Kruiwagens vervoeren meer goederen van plaats naar plaats met minder kracht dan een persoon ze zou kunnen dragen. In feite zou een persoon verschillende reizen moeten maken om de items met de hand te dragen. Met behulp van de twee eenvoudige machines van de kruiwagen, de hendel en het wiel en de as, kunnen mensen tijd besparen tijdens het transport.

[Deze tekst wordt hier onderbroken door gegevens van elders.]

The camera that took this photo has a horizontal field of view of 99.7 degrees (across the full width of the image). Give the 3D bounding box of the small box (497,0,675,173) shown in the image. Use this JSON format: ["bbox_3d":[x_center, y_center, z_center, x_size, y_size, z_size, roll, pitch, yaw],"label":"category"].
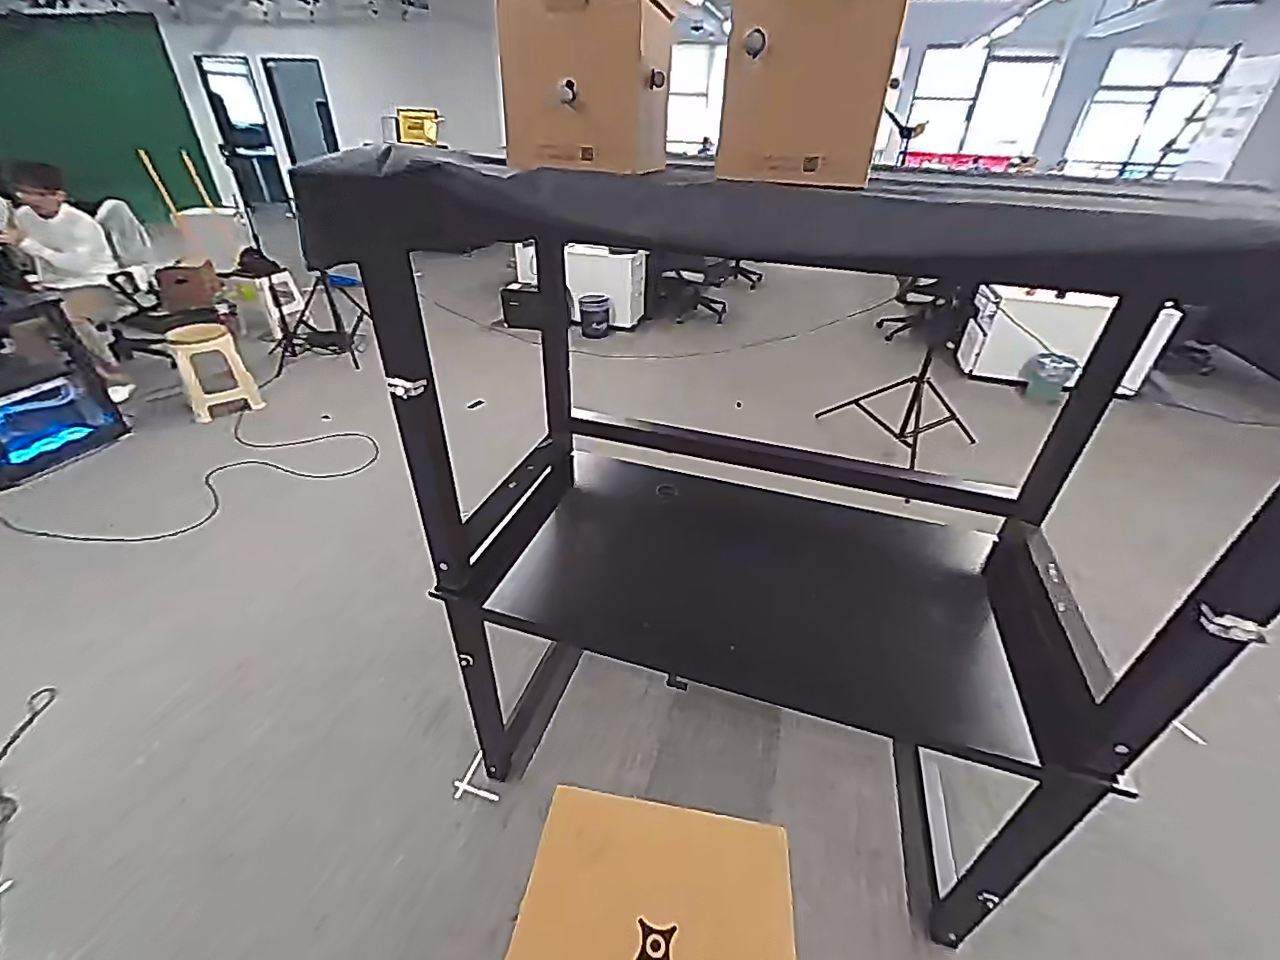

Kruiwagens gebruiken meer dan één eenvoudige machine om de inspanning die nodig is om een klus te klaren te verminderen, waardoor ze samengestelde machines worden. Door extra eenvoudige machines toe te voegen, spreidt u de inspanning en kracht die nodig is om de klus te klaren en kan het gereedschap meer dan één klus klaren. In dit geval kan de kruiwagen zware lasten optillen en van de ene plaats naar de andere verplaatsen.
Als hefboom kunnen kruiwagens zware lasten heffen terwijl de benodigde inspanning minimaal is. Hefbomen bestaan uit weerstandsarmen, inspanningsarmen en een draaipunt. Bij hefbomen van klasse 2, zoals de kruiwagen, bevindt de weerstandsarm zich in het midden tussen het draaipunt en de inspanningsarm. De inspanningsarmen van de kruiwagen zijn de handvatten die de persoon gebruikt om de zware last in de kruiwagen op te tillen. De kruiwagen en zijn zware last zijn de weerstandsarm die naar beneden duwt. Het wiel is het draaipunt waarmee de kruiwagen op en neer kan draaien.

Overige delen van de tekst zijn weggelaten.